Your objective —
From the entries that follow, report every line in which "units" occurs.

====== Data for processing

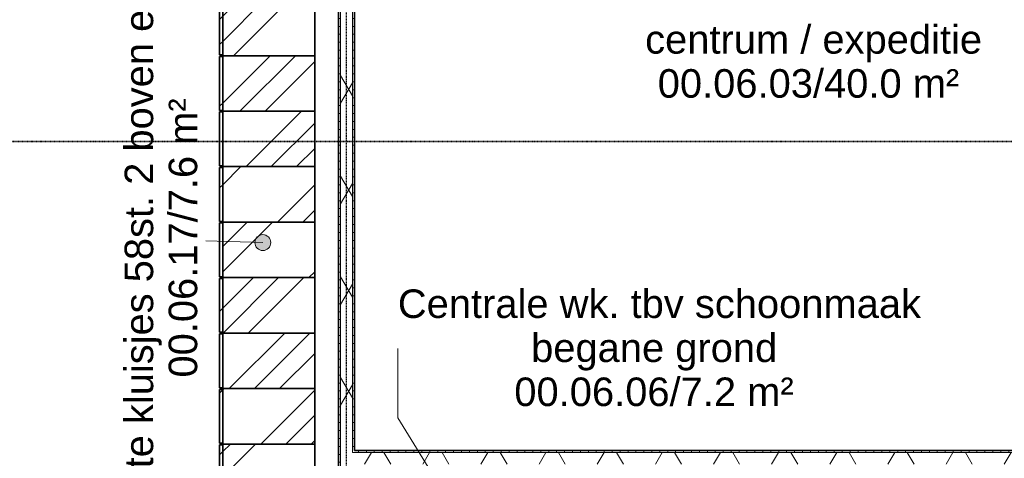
# Model space of a CAD drawing. Header units: millimetres. Extents: x -80560 to 110805, y -11020 to 52719.
# Tile 57 of 152: x 49034 to 55242, y 27200 to 29967. Entities that reach past the tile are written whole.
import ezdxf

# ---------------------------------------------------------------- set-up
doc = ezdxf.new("R2010")
doc.units = ezdxf.units.MM
doc.linetypes.add('CENTER2', pattern=[20, 8, -4, 4, -4])
doc.linetypes.add('DASHDOT2', pattern=[8, 4, -2, 0, -2])
for name, color, linetype, lineweight in [('A-AREA-IDEN', 2, 'Continuous', 9), ('A-GENM', 13, 'Continuous', 18), ('A-WALL', 113, 'Continuous', 35), ('A-WALL-PATT', 111, 'Continuous', 35), ('G-ANNO-SYMB', 111, 'Continuous', 9), ('I-WALL', 2, 'Continuous', 18), ('S-GRID', 1, 'Continuous', 9)]:
    doc.layers.add(name, color=color, linetype=linetype, lineweight=lineweight)
doc.styles.add('Arial', font='arial.ttf', dxfattribs={"height": 180})
pattern_1 = [(135, (26940, -25420), (-449.013, -449.013), []), (135, (26940, -25261.25), (-898.026, 6e-14), []), (135, (26940, -25578.75), (-898.026, 6e-14), [])]
pattern_2 = [(135, (27290, -25420), (-449.013, -449.013), []), (135, (27290, -25261.25), (-898.026, 6e-14), []), (135, (27290, -25578.75), (-898.026, 6e-14), [])]
pattern_3 = [(135, (27640, -25420), (-449.013, -449.013), []), (135, (27640, -25261.25), (-898.026, 6e-14), []), (135, (27640, -25578.75), (-898.026, 6e-14), [])]
pattern_4 = [(135, (27990, -25420), (-449.013, -449.013), []), (135, (27990, -25261.25), (-898.026, 6e-14), []), (135, (27990, -25578.75), (-898.026, 6e-14), [])]
pattern_5 = [(135, (28690, -25420), (-449.013, -449.013), []), (135, (28690, -25261.25), (-898.026, 6e-14), []), (135, (28690, -25578.75), (-898.026, 6e-14), [])]
pattern_6 = [(135, (29040, -25420), (-449.013, -449.013), []), (135, (29040, -25261.25), (-898.026, 6e-14), []), (135, (29040, -25578.75), (-898.026, 6e-14), [])]
pattern_7 = [(135, (29390, -25420), (-449.013, -449.013), []), (135, (29390, -25261.25), (-898.026, 6e-14), []), (135, (29390, -25578.75), (-898.026, 6e-14), [])]
pattern_8 = [(135, (29740, -25420), (-449.013, -449.013), []), (135, (29740, -25261.25), (-898.026, 6e-14), []), (135, (29740, -25578.75), (-898.026, 6e-14), [])]
pattern_9 = [(60, (24894.82, 0), (-274.963, 158.75), []), (120, (24894.82, 0), (-274.963, -158.75), [])]
pattern_10 = [(180, (51144.82, 30075), (2e-13, -50), [])]

# ---------------------------------------------------------------- blocks, each defined once
blk = doc.blocks.new('73_EHA_locker - 73_EHA_locker-V14-DO_00 begane grond')
at = {"layer": 'A-GENM'}
h = blk.add_hatch(dxfattribs=at)
h.set_pattern_fill('FP_52', color=256, style=0, pattern_type=2)
h.set_pattern_definition(pattern_1)
h.paths.add_polyline_path([(0, 580), (-350, 580), (-350, 0), (0, 0)], flags=0)
h = blk.add_hatch(dxfattribs=at)
h.set_pattern_fill('FP_52', color=256, style=0, pattern_type=2)
h.set_pattern_definition(pattern_1)
h.paths.add_polyline_path([(-5, 0), (-345, 0), (-345, -20), (-5, -20)], flags=0)
at = {"layer": 'A-GENM', "lineweight": 35}
for p, q in [((0, 580), (-350, 580)), ((-350, 580), (-350, 0)), ((0, 0), (0, 580)), ((-350, 0), (0, 0)), ((-5, 0), (-345, 0)), ((-345, 0), (-345, -20)), ((-5, -20), (-5, 0)), ((-345, -20), (-5, -20))]:
    blk.add_line(p, q, dxfattribs=at)
blk = doc.blocks.new('73_EHA_locker - 73_EHA_locker-V15-DO_00 begane grond')
at = {"layer": 'A-GENM'}
h = blk.add_hatch(dxfattribs=at)
h.set_pattern_fill('FP_53', color=256, style=0, pattern_type=2)
h.set_pattern_definition(pattern_2)
h.paths.add_polyline_path([(0, 580), (-350, 580), (-350, 0), (0, 0)], flags=0)
h = blk.add_hatch(dxfattribs=at)
h.set_pattern_fill('FP_53', color=256, style=0, pattern_type=2)
h.set_pattern_definition(pattern_2)
h.paths.add_polyline_path([(-5, 0), (-345, 0), (-345, -20), (-5, -20)], flags=0)
at = {"layer": 'A-GENM', "lineweight": 35}
for p, q in [((0, 580), (-350, 580)), ((-350, 580), (-350, 0)), ((0, 0), (0, 580)), ((-350, 0), (0, 0)), ((-5, 0), (-345, 0)), ((-345, 0), (-345, -20)), ((-5, -20), (-5, 0)), ((-345, -20), (-5, -20))]:
    blk.add_line(p, q, dxfattribs=at)
blk = doc.blocks.new('73_EHA_locker - 73_EHA_locker-V16-DO_00 begane grond')
at = {"layer": 'A-GENM'}
h = blk.add_hatch(dxfattribs=at)
h.set_pattern_fill('FP_54', color=256, style=0, pattern_type=2)
h.set_pattern_definition(pattern_3)
h.paths.add_polyline_path([(0, 580), (-350, 580), (-350, 0), (0, 0)], flags=0)
h = blk.add_hatch(dxfattribs=at)
h.set_pattern_fill('FP_54', color=256, style=0, pattern_type=2)
h.set_pattern_definition(pattern_3)
h.paths.add_polyline_path([(-5, 0), (-345, 0), (-345, -20), (-5, -20)], flags=0)
at = {"layer": 'A-GENM', "lineweight": 35}
for p, q in [((0, 580), (-350, 580)), ((-350, 580), (-350, 0)), ((0, 0), (0, 580)), ((-350, 0), (0, 0)), ((-5, 0), (-345, 0)), ((-345, 0), (-345, -20)), ((-5, -20), (-5, 0)), ((-345, -20), (-5, -20))]:
    blk.add_line(p, q, dxfattribs=at)
blk = doc.blocks.new('73_EHA_locker - 73_EHA_locker-V17-DO_00 begane grond')
at = {"layer": 'A-GENM'}
h = blk.add_hatch(dxfattribs=at)
h.set_pattern_fill('FP_55', color=256, style=0, pattern_type=2)
h.set_pattern_definition(pattern_4)
h.paths.add_polyline_path([(0, 580), (-350, 580), (-350, 0), (0, 0)], flags=0)
h = blk.add_hatch(dxfattribs=at)
h.set_pattern_fill('FP_55', color=256, style=0, pattern_type=2)
h.set_pattern_definition(pattern_4)
h.paths.add_polyline_path([(-5, 0), (-345, 0), (-345, -20), (-5, -20)], flags=0)
at = {"layer": 'A-GENM', "lineweight": 35}
for p, q in [((0, 580), (-350, 580)), ((-350, 580), (-350, 0)), ((0, 0), (0, 580)), ((-350, 0), (0, 0)), ((-5, 0), (-345, 0)), ((-345, 0), (-345, -20)), ((-5, -20), (-5, 0)), ((-345, -20), (-5, -20))]:
    blk.add_line(p, q, dxfattribs=at)
blk = doc.blocks.new('73_EHA_locker - 73_EHA_locker-V18-DO_00 begane grond')
at = {"layer": 'A-GENM'}
h = blk.add_hatch(dxfattribs=at)
h.set_pattern_fill('FP_56', color=256, style=0, pattern_type=2)
h.set_pattern_definition([(135, (28340, -25420), (-449.013, -449.013), []), (135, (28340, -25261.25), (-898.026, 6e-14), []), (135, (28340, -25578.75), (-898.026, 6e-14), [])])
h.paths.add_polyline_path([(0, 580), (-350, 580), (-350, 0), (0, 0)], flags=0)
at = {"layer": 'A-GENM', "lineweight": 35}
for p, q in [((0, 580), (-350, 580)), ((-350, 580), (-350, 0)), ((0, 0), (0, 580)), ((-350, 0), (0, 0)), ((-5, 0), (-345, 0)), ((-345, 0), (-345, -20)), ((-5, -20), (-5, 0)), ((-345, -20), (-5, -20))]:
    blk.add_line(p, q, dxfattribs=at)
blk = doc.blocks.new('73_EHA_locker - 73_EHA_locker-V19-DO_00 begane grond')
at = {"layer": 'A-GENM'}
h = blk.add_hatch(dxfattribs=at)
h.set_pattern_fill('FP_57', color=256, style=0, pattern_type=2)
h.set_pattern_definition(pattern_5)
h.paths.add_polyline_path([(0, 580), (-350, 580), (-350, 0), (0, 0)], flags=0)
h = blk.add_hatch(dxfattribs=at)
h.set_pattern_fill('FP_57', color=256, style=0, pattern_type=2)
h.set_pattern_definition(pattern_5)
h.paths.add_polyline_path([(-5, 0), (-345, 0), (-345, -20), (-5, -20)], flags=0)
at = {"layer": 'A-GENM', "lineweight": 35}
for p, q in [((0, 580), (-350, 580)), ((-350, 580), (-350, 0)), ((0, 0), (0, 580)), ((-350, 0), (0, 0)), ((-5, 0), (-345, 0)), ((-345, 0), (-345, -20)), ((-5, -20), (-5, 0)), ((-345, -20), (-5, -20))]:
    blk.add_line(p, q, dxfattribs=at)
blk = doc.blocks.new('73_EHA_locker - 73_EHA_locker-V20-DO_00 begane grond')
at = {"layer": 'A-GENM'}
h = blk.add_hatch(dxfattribs=at)
h.set_pattern_fill('FP_58', color=256, style=0, pattern_type=2)
h.set_pattern_definition(pattern_6)
h.paths.add_polyline_path([(0, 580), (-350, 580), (-350, 0), (0, 0)], flags=0)
h = blk.add_hatch(dxfattribs=at)
h.set_pattern_fill('FP_58', color=256, style=0, pattern_type=2)
h.set_pattern_definition(pattern_6)
h.paths.add_polyline_path([(-5, 0), (-345, 0), (-345, -20), (-5, -20)], flags=0)
at = {"layer": 'A-GENM', "lineweight": 35}
for p, q in [((0, 580), (-350, 580)), ((-350, 580), (-350, 0)), ((0, 0), (0, 580)), ((-350, 0), (0, 0)), ((-5, 0), (-345, 0)), ((-345, 0), (-345, -20)), ((-5, -20), (-5, 0)), ((-345, -20), (-5, -20))]:
    blk.add_line(p, q, dxfattribs=at)
blk = doc.blocks.new('73_EHA_locker - 73_EHA_locker-V21-DO_00 begane grond')
at = {"layer": 'A-GENM'}
h = blk.add_hatch(dxfattribs=at)
h.set_pattern_fill('FP_59', color=256, style=0, pattern_type=2)
h.set_pattern_definition(pattern_7)
h.paths.add_polyline_path([(0, 580), (-350, 580), (-350, 0), (0, 0)], flags=0)
h = blk.add_hatch(dxfattribs=at)
h.set_pattern_fill('FP_59', color=256, style=0, pattern_type=2)
h.set_pattern_definition(pattern_7)
h.paths.add_polyline_path([(-5, 0), (-345, 0), (-345, -20), (-5, -20)], flags=0)
at = {"layer": 'A-GENM', "lineweight": 35}
for p, q in [((0, 580), (-350, 580)), ((-350, 580), (-350, 0)), ((0, 0), (0, 580)), ((-350, 0), (0, 0)), ((-5, 0), (-345, 0)), ((-345, 0), (-345, -20)), ((-5, -20), (-5, 0)), ((-345, -20), (-5, -20))]:
    blk.add_line(p, q, dxfattribs=at)
blk = doc.blocks.new('73_EHA_locker - 73_EHA_locker-V22-DO_00 begane grond')
at = {"layer": 'A-GENM'}
h = blk.add_hatch(dxfattribs=at)
h.set_pattern_fill('FP_60', color=256, style=0, pattern_type=2)
h.set_pattern_definition(pattern_8)
h.paths.add_polyline_path([(0, 580), (-350, 580), (-350, 0), (0, 0)], flags=0)
h = blk.add_hatch(dxfattribs=at)
h.set_pattern_fill('FP_60', color=256, style=0, pattern_type=2)
h.set_pattern_definition(pattern_8)
h.paths.add_polyline_path([(-5, 0), (-345, 0), (-345, -20), (-5, -20)], flags=0)
at = {"layer": 'A-GENM', "lineweight": 35}
for p, q in [((0, 580), (-350, 580)), ((-350, 580), (-350, 0)), ((0, 0), (0, 580)), ((-350, 0), (0, 0)), ((-5, 0), (-345, 0)), ((-345, 0), (-345, -20)), ((-5, -20), (-5, 0)), ((-345, -20), (-5, -20))]:
    blk.add_line(p, q, dxfattribs=at)

msp = doc.modelspace()

# ---------------------------------------------------------------- hatches: boundary and pattern name
at = {"layer": 'A-AREA-IDEN'}
h = msp.add_hatch(color=256, dxfattribs=at)
edge = h.paths.add_edge_path(flags=0)
edge.add_arc((50567.2, 28561), 50, 0, 360)
at = {"layer": 'A-WALL-PATT', "lineweight": 18}
h = msp.add_hatch(dxfattribs=at)
h.set_pattern_fill('FP_2', color=256, style=0, pattern_type=2)
h.set_pattern_definition(pattern_9)
h.paths.add_polyline_path([(51132.3, 27237.5), (51132.3, 32912.5), (51057.3, 32912.5), (51057.3, 27237.5)], flags=0)
h = msp.add_hatch(dxfattribs=at)
h.set_pattern_fill('FP_115', color=256, angle=90, style=0, pattern_type=2)
h.set_pattern_definition(pattern_10)
h.paths.add_polyline_path([(51044.8, 27162.5), (51057.3, 27162.5), (51057.3, 32900), (51044.8, 32900), (51044.8, 27250)], flags=0)
h = msp.add_hatch(dxfattribs=at)
h.set_pattern_fill('FP_115', color=256, angle=90, style=0, pattern_type=2)
h.set_pattern_definition(pattern_10)
h.paths.add_polyline_path([(51144.8, 27250), (51144.8, 32900), (51132.3, 32900), (51132.3, 27250)], flags=0)
h = msp.add_hatch(dxfattribs=at)
h.set_pattern_fill('FP_2', color=256, style=0, pattern_type=2)
h.set_pattern_definition(pattern_9)
h.paths.add_polyline_path([(57594.8, 27162.5), (57607.3, 27162.5), (57607.3, 27237.5), (51057.3, 27237.5), (51057.3, 27162.5), (55978.8, 27162.5)], flags=0)
h = msp.add_hatch(dxfattribs=at)
h.set_pattern_fill('FP_71', color=256, angle=-270, style=0, pattern_type=2)
h.set_pattern_definition([(270, (54319.82, 27250), (50, 2e-13), [])])
h.paths.add_polyline_path([(57594.8, 27237.5), (57594.8, 27250), (51132.3, 27250), (51132.3, 27237.5), (55978.8, 27237.5)], flags=0)

# ---------------------------------------------------------------- linework, layer by layer
at = {"layer": 'A-AREA-IDEN'}
for p, q in [((50567.2, 28561), (50206.9, 28573)), ((51418.7, 27456.4), (51418.7, 27893.3)), ((52090.8, 26358.8), (51418.7, 27456.4))]:
    msp.add_line(p, q, dxfattribs=at)
msp.add_circle((50567.2, 28561), 50, dxfattribs=at)
at = {"layer": 'A-WALL', "lineweight": 18}
for p, q in [((51057.3, 23462.5), (51057.3, 32912.5)), ((51132.3, 27237.5), (51132.3, 32912.5)), ((57607.3, 27237.5), (51132.3, 27237.5))]:
    msp.add_line(p, q, dxfattribs=at)
at = {"layer": 'G-ANNO-SYMB', "linetype": 'DASHDOT2', "lineweight": 35}
msp.add_line((38786.5, 29198), (100890.9, 29198), dxfattribs=at)
at = {"layer": 'I-WALL', "lineweight": 35}
for p, q in [((51044.8, 32900), (51044.8, 23450)), ((51144.8, 27250), (51144.8, 32900)), ((57594.8, 27250), (51144.8, 27250))]:
    msp.add_line(p, q, dxfattribs=at)
at = {"layer": 'S-GRID', "linetype": 'CENTER2', "lineweight": 25}
msp.add_line((51094.8, 4383.3), (51094.8, 52119.1), dxfattribs=at)

# ---------------------------------------------------------------- block references
at = {"layer": 'A-GENM', "rotation": 269.9999999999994}
for name, p in [('73_EHA_locker - 73_EHA_locker-V22-DO_00 begane grond', (50314.8, 29740)), ('73_EHA_locker - 73_EHA_locker-V21-DO_00 begane grond', (50314.8, 29390)), ('73_EHA_locker - 73_EHA_locker-V20-DO_00 begane grond', (50314.8, 29040)), ('73_EHA_locker - 73_EHA_locker-V19-DO_00 begane grond', (50314.8, 28690)), ('73_EHA_locker - 73_EHA_locker-V18-DO_00 begane grond', (50314.8, 28340)), ('73_EHA_locker - 73_EHA_locker-V17-DO_00 begane grond', (50314.8, 27990)), ('73_EHA_locker - 73_EHA_locker-V16-DO_00 begane grond', (50314.8, 27640)), ('73_EHA_locker - 73_EHA_locker-V15-DO_00 begane grond', (50314.8, 27290)), ('73_EHA_locker - 73_EHA_locker-V14-DO_00 begane grond', (50314.8, 26940))]:
    msp.add_blockref(name, p, dxfattribs=at)

# ---------------------------------------------------------------- texts
at = {"layer": 'A-AREA-IDEN', "char_height": 180, "attachment_point": 1, "rotation": 90, "style": 'Arial'}
for s, insert, width in [('Grote kluisjes 58st. 2 boven elkaar', (49695.8, 26717.5), 4489.45), ('00.06.17/7.6 m²', (49973.6, 27709.7), 2092.404)]:
    msp.add_mtext(s, dxfattribs=dict(at, insert=insert, width=width))
at = {"layer": 'A-AREA-IDEN', "char_height": 180, "attachment_point": 1, "style": 'Arial'}
for s, insert, width in [('centrum / expeditie', (52977.7, 29932.9), 2461.181), ('00.06.03/40.0 m²', (53057.1, 29655.1), 2260.759), ('Centrale wk. tbv schoonmaak', (51418.7, 28265.4), 3864.134), ('begane grond', (52258.8, 27987.6), 1835.864), ('00.06.06/7.2 m²', (52152.9, 27709.7), 2092.404)]:
    msp.add_mtext(s, dxfattribs=dict(at, insert=insert, width=width))

doc.saveas('drawing.dxf')

============

Exercise result —
# Model space of a CAD drawing. Header units: millimetres. Extents: x -80560 to 110805, y -11020 to 52719.
doc.units = ezdxf.units.MM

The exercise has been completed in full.